What you write must be the lines from the one holding "#2 tray at [729, 767, 1622, 1224]" through the final line of the records below, reproduced exactly, minus the pictures.

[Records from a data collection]
━━━
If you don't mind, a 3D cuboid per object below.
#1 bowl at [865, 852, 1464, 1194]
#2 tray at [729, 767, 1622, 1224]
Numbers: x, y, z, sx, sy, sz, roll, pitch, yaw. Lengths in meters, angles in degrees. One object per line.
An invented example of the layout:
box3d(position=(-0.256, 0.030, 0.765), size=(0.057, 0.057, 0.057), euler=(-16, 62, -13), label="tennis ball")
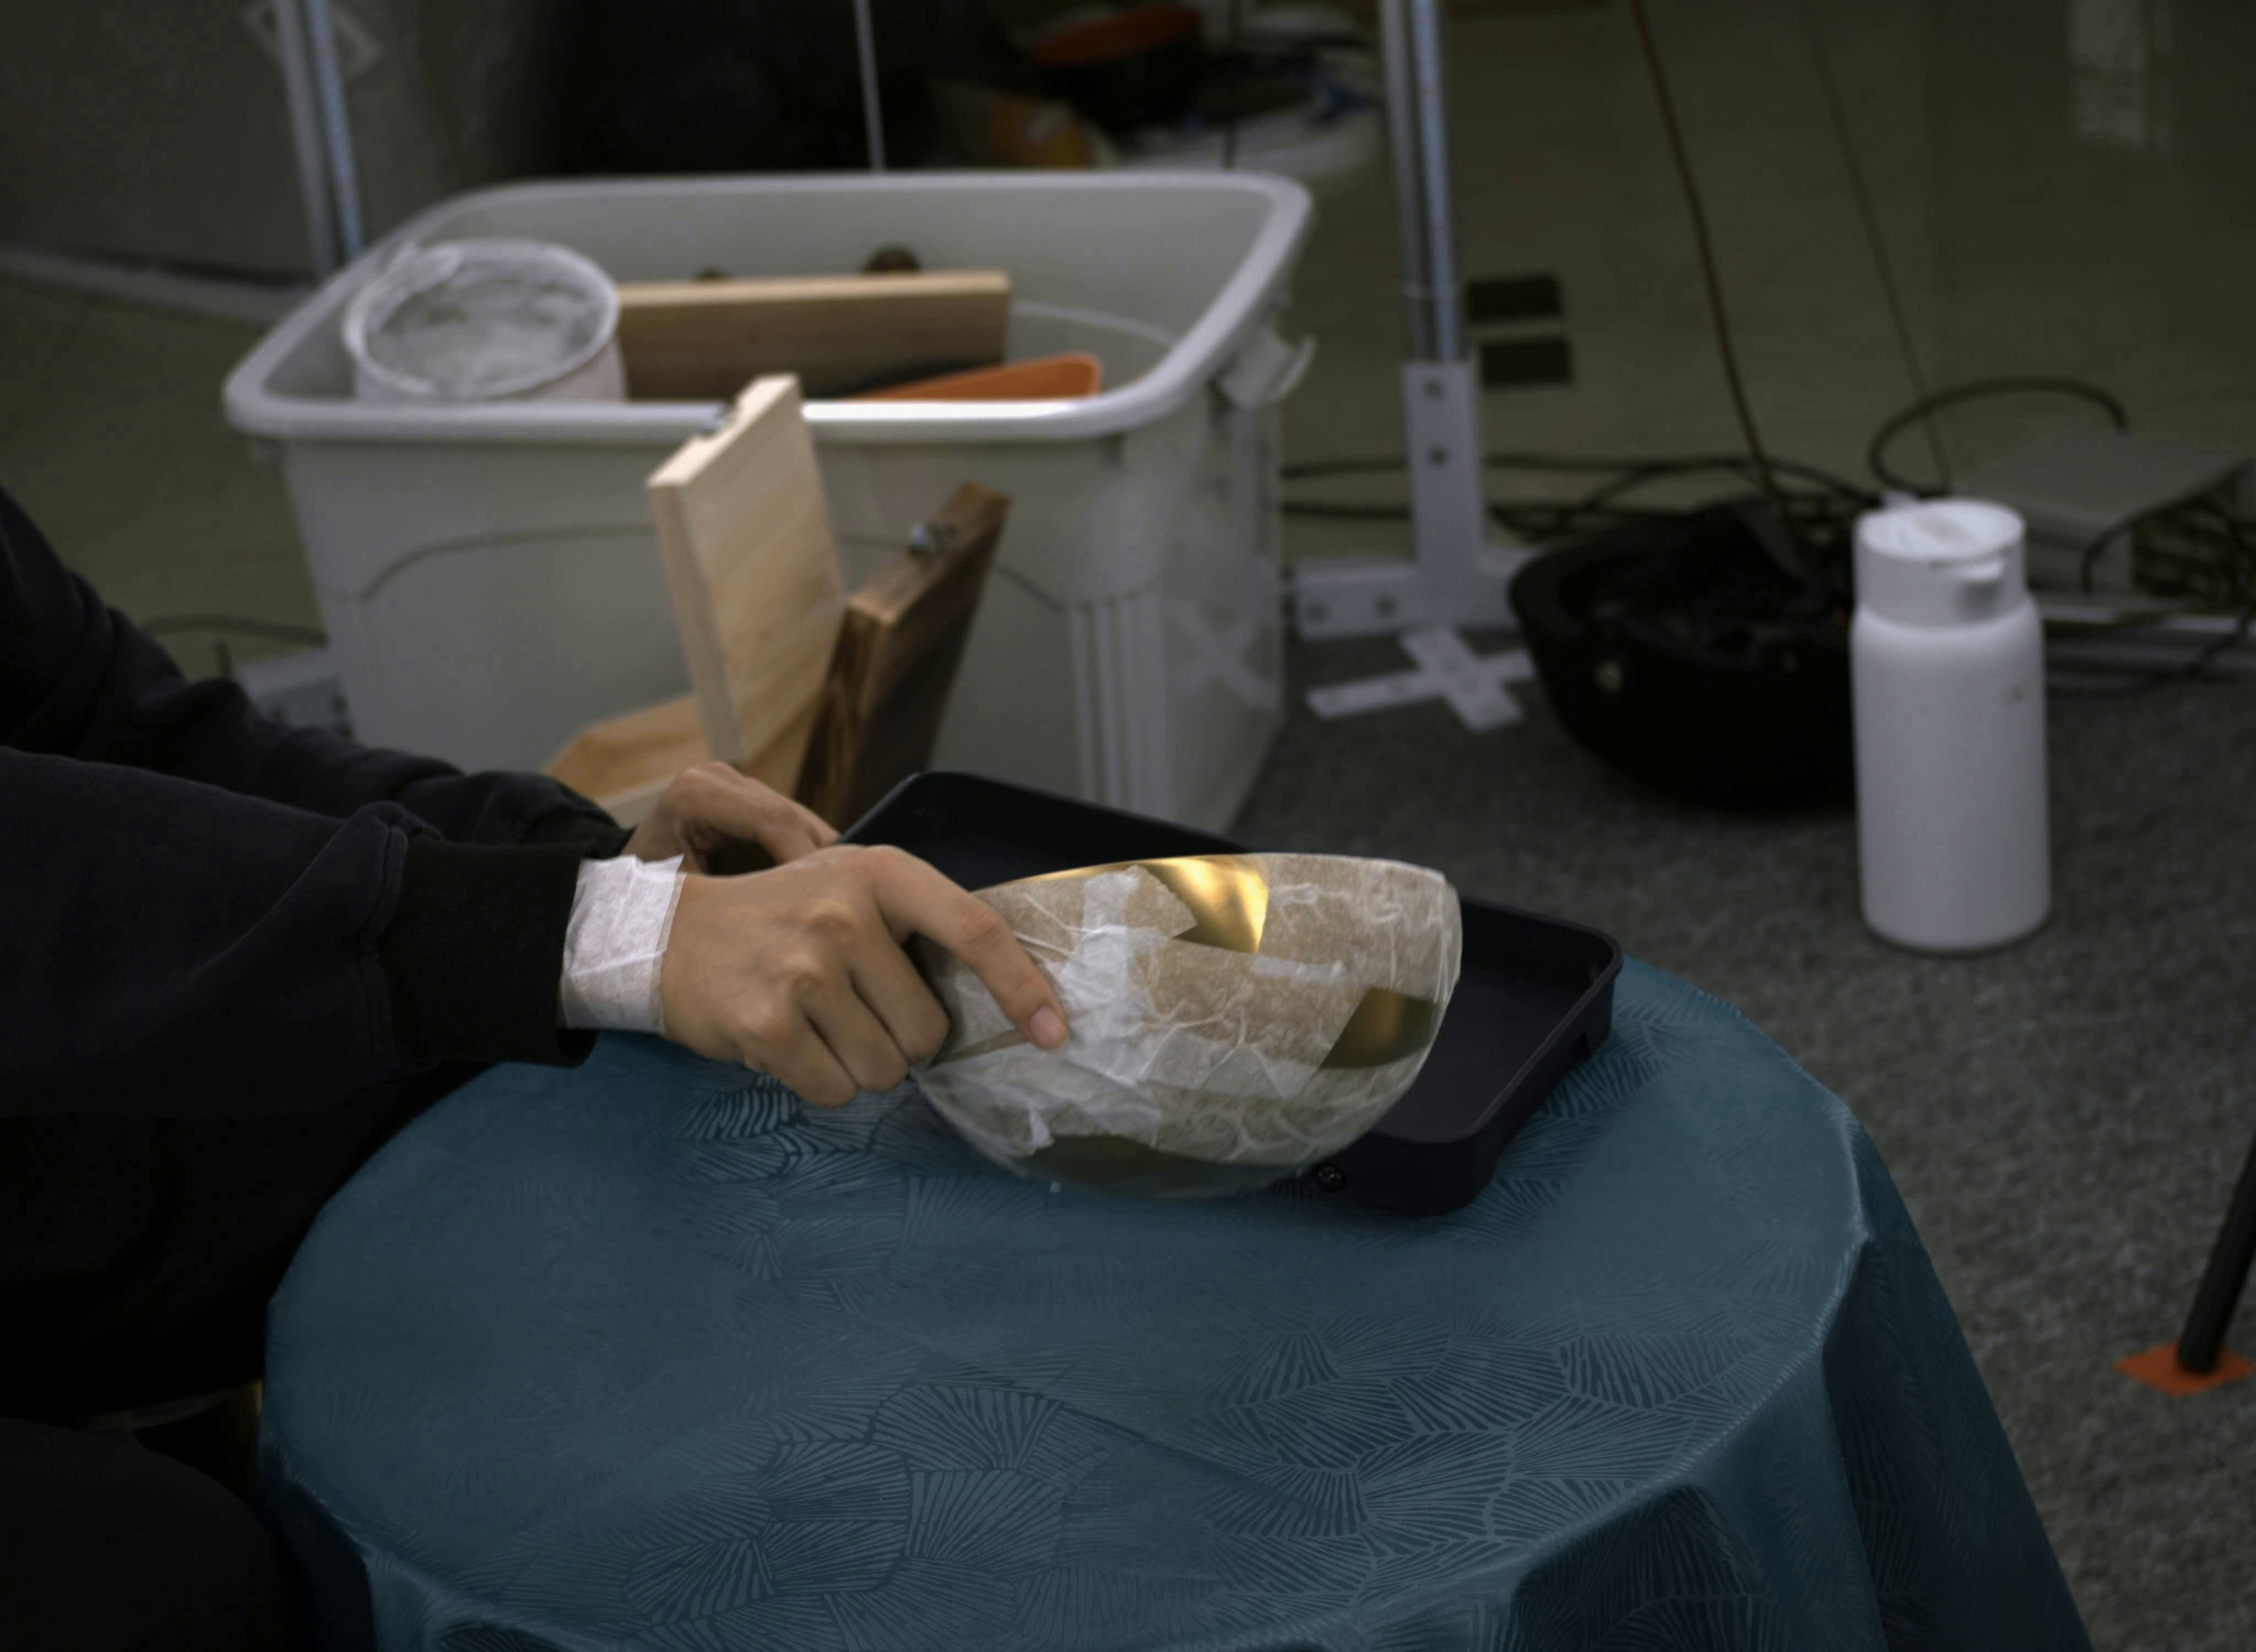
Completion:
box3d(position=(0.015, 0.076, 1.944), size=(0.214, 0.094, 0.216), euler=(-5, -11, -1), label="bowl")
box3d(position=(0.018, 0.063, 2.219), size=(0.316, 0.037, 0.182), euler=(16, 32, 22), label="tray")
━━━
» **EXERCISE RESULT**:
#2 tray at [729, 767, 1622, 1224]
Numbers: x, y, z, sx, sy, sz, roll, pitch, yaw. Lengths in meters, angles in degrees. One object per line.
An invented example of the layout:
box3d(position=(-0.256, 0.030, 0.765), size=(0.057, 0.057, 0.057), euler=(-16, 62, -13), label="tennis ball")
Completion:
box3d(position=(0.015, 0.076, 1.944), size=(0.214, 0.094, 0.216), euler=(-5, -11, -1), label="bowl")
box3d(position=(0.018, 0.063, 2.219), size=(0.316, 0.037, 0.182), euler=(16, 32, 22), label="tray")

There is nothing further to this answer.